What is needed →
In the copy, include no images, and repeat each entry precisely as written.

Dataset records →

[Start of Attachment]

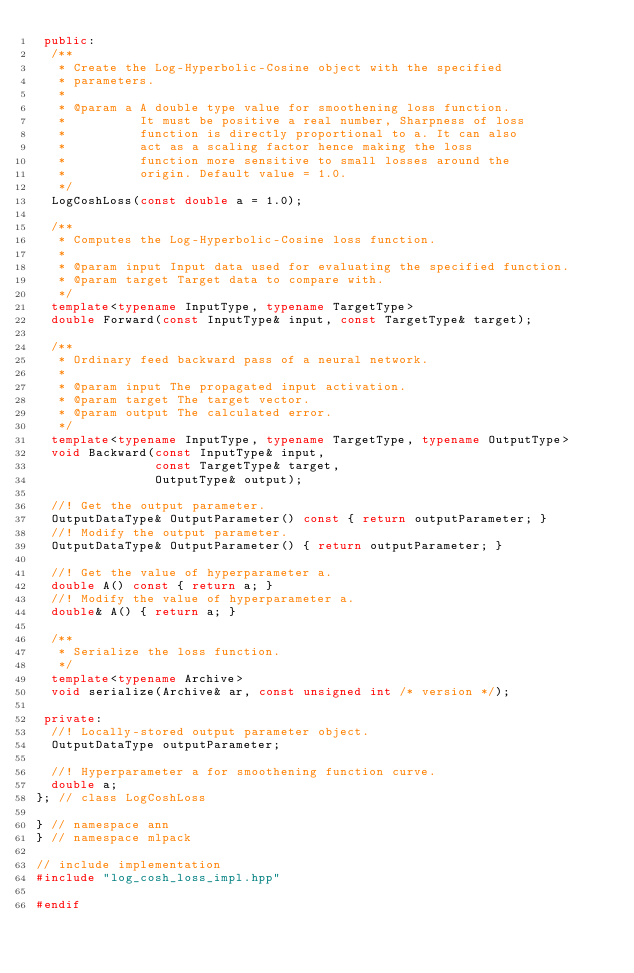<code> <loc_0><loc_0><loc_500><loc_500><_C++_> public:
  /**
   * Create the Log-Hyperbolic-Cosine object with the specified
   * parameters.
   *
   * @param a A double type value for smoothening loss function.
   *          It must be positive a real number, Sharpness of loss
   *          function is directly proportional to a. It can also
   *          act as a scaling factor hence making the loss
   *          function more sensitive to small losses around the
   *          origin. Default value = 1.0.
   */
  LogCoshLoss(const double a = 1.0);

  /**
   * Computes the Log-Hyperbolic-Cosine loss function.
   *
   * @param input Input data used for evaluating the specified function.
   * @param target Target data to compare with.
   */
  template<typename InputType, typename TargetType>
  double Forward(const InputType& input, const TargetType& target);

  /**
   * Ordinary feed backward pass of a neural network.
   *
   * @param input The propagated input activation.
   * @param target The target vector.
   * @param output The calculated error.
   */
  template<typename InputType, typename TargetType, typename OutputType>
  void Backward(const InputType& input,
                const TargetType& target,
                OutputType& output);

  //! Get the output parameter.
  OutputDataType& OutputParameter() const { return outputParameter; }
  //! Modify the output parameter.
  OutputDataType& OutputParameter() { return outputParameter; }

  //! Get the value of hyperparameter a.
  double A() const { return a; }
  //! Modify the value of hyperparameter a.
  double& A() { return a; }

  /**
   * Serialize the loss function.
   */
  template<typename Archive>
  void serialize(Archive& ar, const unsigned int /* version */);

 private:
  //! Locally-stored output parameter object.
  OutputDataType outputParameter;

  //! Hyperparameter a for smoothening function curve.
  double a;
}; // class LogCoshLoss

} // namespace ann
} // namespace mlpack

// include implementation
#include "log_cosh_loss_impl.hpp"

#endif
</code> 
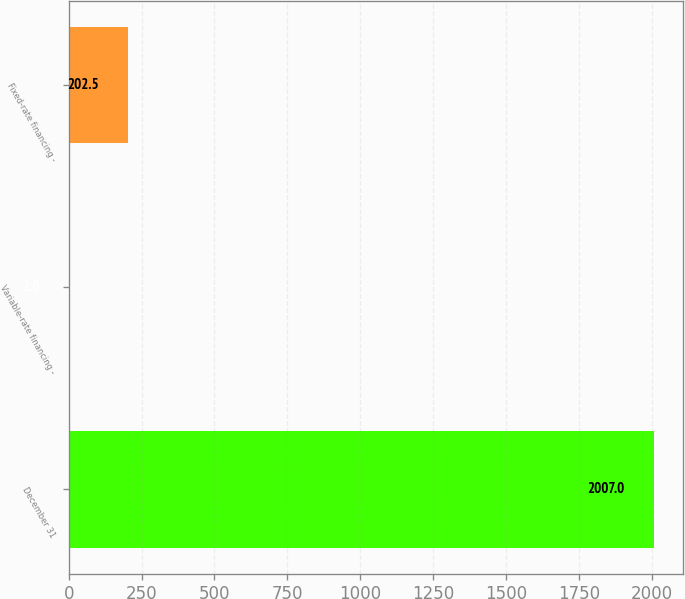Convert chart to OTSL. <chart><loc_0><loc_0><loc_500><loc_500><bar_chart><fcel>December 31<fcel>Variable-rate financing -<fcel>Fixed-rate financing -<nl><fcel>2007<fcel>2<fcel>202.5<nl></chart> 
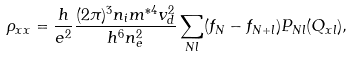<formula> <loc_0><loc_0><loc_500><loc_500>\rho _ { x x } = \frac { h } { e ^ { 2 } } \frac { ( 2 \pi ) ^ { 3 } n _ { i } m ^ { \ast 4 } v _ { d } ^ { 2 } } { h ^ { 6 } n _ { e } ^ { 2 } } \sum _ { N l } ( f _ { N } - f _ { N + l } ) P _ { N l } ( Q _ { x l } ) ,</formula>

[End of Attachment]

Reply to the task →
<code> <loc_0><loc_0><loc_500><loc_500><_C++_> public:
  /**
   * Create the Log-Hyperbolic-Cosine object with the specified
   * parameters.
   *
   * @param a A double type value for smoothening loss function.
   *          It must be positive a real number, Sharpness of loss
   *          function is directly proportional to a. It can also
   *          act as a scaling factor hence making the loss
   *          function more sensitive to small losses around the
   *          origin. Default value = 1.0.
   */
  LogCoshLoss(const double a = 1.0);

  /**
   * Computes the Log-Hyperbolic-Cosine loss function.
   *
   * @param input Input data used for evaluating the specified function.
   * @param target Target data to compare with.
   */
  template<typename InputType, typename TargetType>
  double Forward(const InputType& input, const TargetType& target);

  /**
   * Ordinary feed backward pass of a neural network.
   *
   * @param input The propagated input activation.
   * @param target The target vector.
   * @param output The calculated error.
   */
  template<typename InputType, typename TargetType, typename OutputType>
  void Backward(const InputType& input,
                const TargetType& target,
                OutputType& output);

  //! Get the output parameter.
  OutputDataType& OutputParameter() const { return outputParameter; }
  //! Modify the output parameter.
  OutputDataType& OutputParameter() { return outputParameter; }

  //! Get the value of hyperparameter a.
  double A() const { return a; }
  //! Modify the value of hyperparameter a.
  double& A() { return a; }

  /**
   * Serialize the loss function.
   */
  template<typename Archive>
  void serialize(Archive& ar, const unsigned int /* version */);

 private:
  //! Locally-stored output parameter object.
  OutputDataType outputParameter;

  //! Hyperparameter a for smoothening function curve.
  double a;
}; // class LogCoshLoss

} // namespace ann
} // namespace mlpack

// include implementation
#include "log_cosh_loss_impl.hpp"

#endif
</code> 
Convert chart to OTSL. <chart><loc_0><loc_0><loc_500><loc_500><bar_chart><fcel>December 31<fcel>Variable-rate financing -<fcel>Fixed-rate financing -<nl><fcel>2007<fcel>2<fcel>202.5<nl></chart> 
<formula> <loc_0><loc_0><loc_500><loc_500>\rho _ { x x } = \frac { h } { e ^ { 2 } } \frac { ( 2 \pi ) ^ { 3 } n _ { i } m ^ { \ast 4 } v _ { d } ^ { 2 } } { h ^ { 6 } n _ { e } ^ { 2 } } \sum _ { N l } ( f _ { N } - f _ { N + l } ) P _ { N l } ( Q _ { x l } ) ,</formula>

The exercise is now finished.